# Airships



## starduster (Feb 12, 2006)

OK, I have a question, does anyone here know of any scratch built models of the mysterious airships that people were seeing across America in the years 1896 and 1897' ? the descriptions were of some gas filled cigar shaped balloon 100 feet long with a lighted car hanging below with bright search lights as these were all seen at night. I found the descriptions on Google but no models are depicting these machines any help would be greatly appreciated. Karl


----------



## btbrush (Sep 20, 2010)

Hey Karl,
Is that like the one I saw on UFO Hunters that crashed into a farmer's windmill? Nope, never seen any models. UFOs don't exist, ya know. Swamp gas refecting off of Venus.
Bruce


----------



## Tone (Jan 21, 2006)

Very interesting topic! I used to build paper model fantasy airships back in the late 70s but they were crude. Sometimes I would even use a garment bag. I wanted to build a flying model using a helium-filled sausage balloon and a fuselage from a cheap rubber band powered balsa glider but I never got around to doing that. (I have since discovered that one type of "toy airship" made in the 1930s consisted of a balloon and cardboard cut-outs of gondola and fins. They were sold in wax-paper envelopes. One can sometimes find them on on-line auctions.)

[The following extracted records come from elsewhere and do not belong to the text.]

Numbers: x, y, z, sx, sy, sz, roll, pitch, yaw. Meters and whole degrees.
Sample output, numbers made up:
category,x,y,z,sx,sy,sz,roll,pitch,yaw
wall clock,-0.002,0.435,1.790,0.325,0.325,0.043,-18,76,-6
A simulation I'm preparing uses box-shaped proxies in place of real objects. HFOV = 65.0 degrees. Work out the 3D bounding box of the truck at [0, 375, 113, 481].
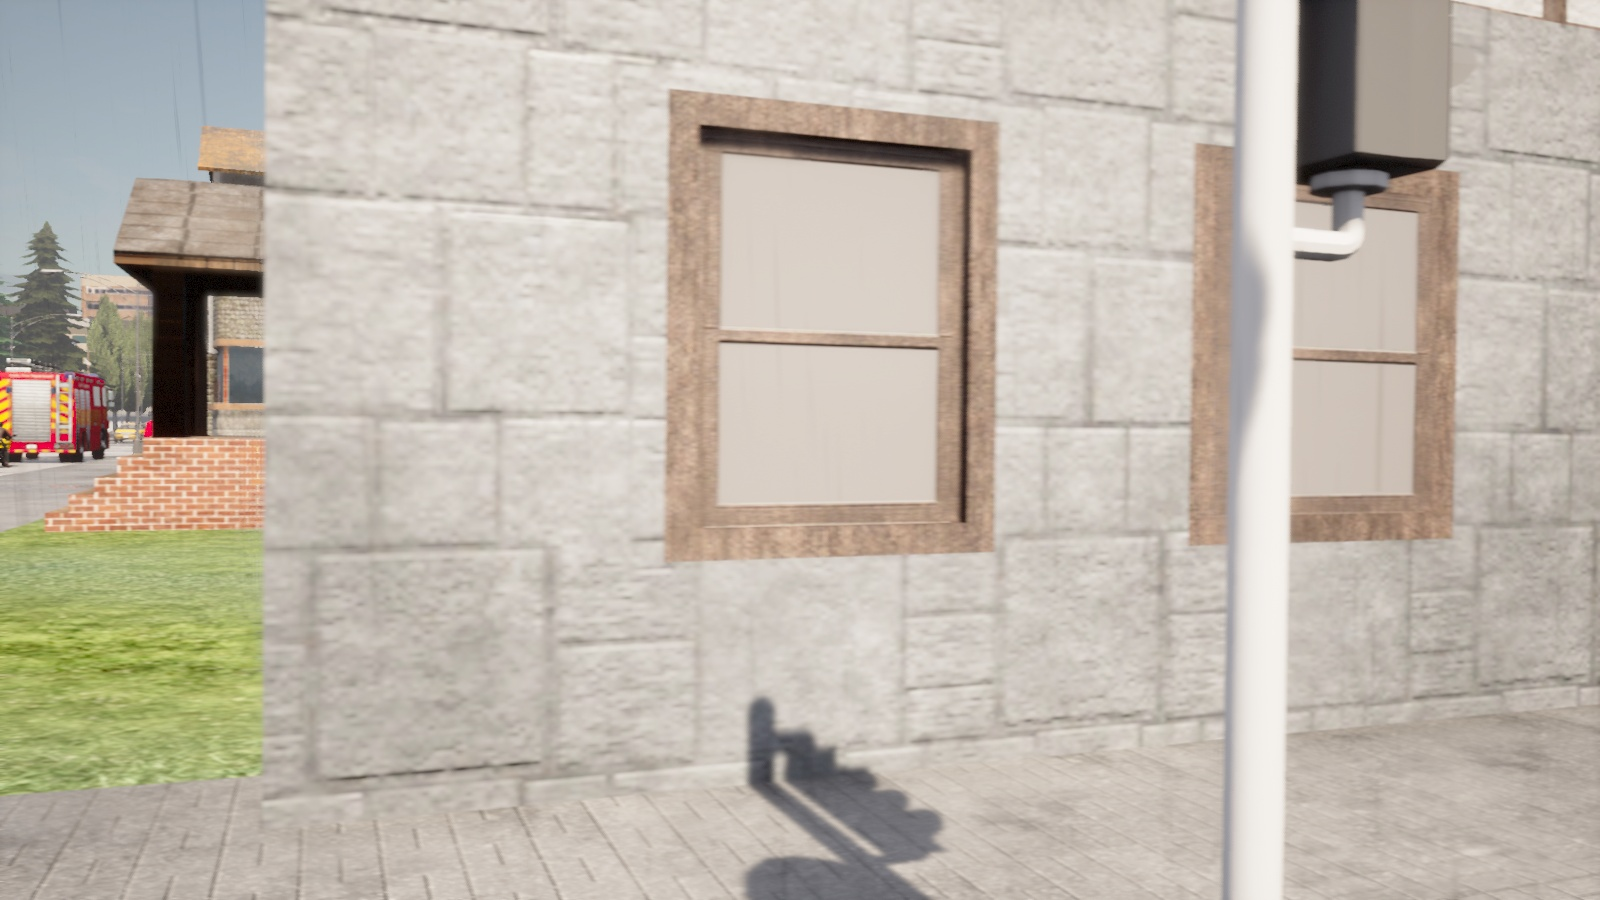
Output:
category,x,y,z,sx,sy,sz,roll,pitch,yaw
truck,-29.524,-0.859,49.720,2.891,3.827,8.468,-1,1,-21

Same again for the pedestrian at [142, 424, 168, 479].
category,x,y,z,sx,sy,sz,roll,pitch,yaw
pedestrian,-21.820,0.051,42.492,0.634,1.844,0.899,-1,1,-20

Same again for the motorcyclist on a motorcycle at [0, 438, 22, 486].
category,x,y,z,sx,sy,sz,roll,pitch,yaw
motorcyclist on a motorcycle,-26.354,0.389,41.410,0.797,1.523,2.044,-1,1,-21

The 1897 stories began in a San Francisco newspaper and they just "snowballed." The only "airship" flying in US in 1897 was a Carl Myers pedal-powered thing, and it never flew at night. Regarding the Eureka, Texas story about a spaceship crashing into a farmer's windmill, nobody has ever found the grave in which the alien was supposedly buried; however, the 1897 Texas "alien airship cattle rustling" tale has been exposed as a hoax, as the perpetrator himself confessed to belonging to a "liar's club." If you can dig it up, look for Daniel Cohen's book _The Great Airship Mystery_ - it goes into the subject in great detail. Cohen concludes that many people merely saw the planet Venus and imagined that it was moving - quite the let-down, when one expected to discover a mysterious inventor.


----------



## starduster (Feb 12, 2006)

Thanks guys, I was just curious that no models exist on this interesting subject,
I guess maybe I'll just see if some real clear drawings exist of these things and go from their, I was just hoping there were some models as a basis to start from. although I have seen some lamp shades that might be a basis for a balloon shape for the main structure then add the decks and other items to form some kind of aerial craft, this just might be a fun project, any work will of course have photos posted. Karl


----------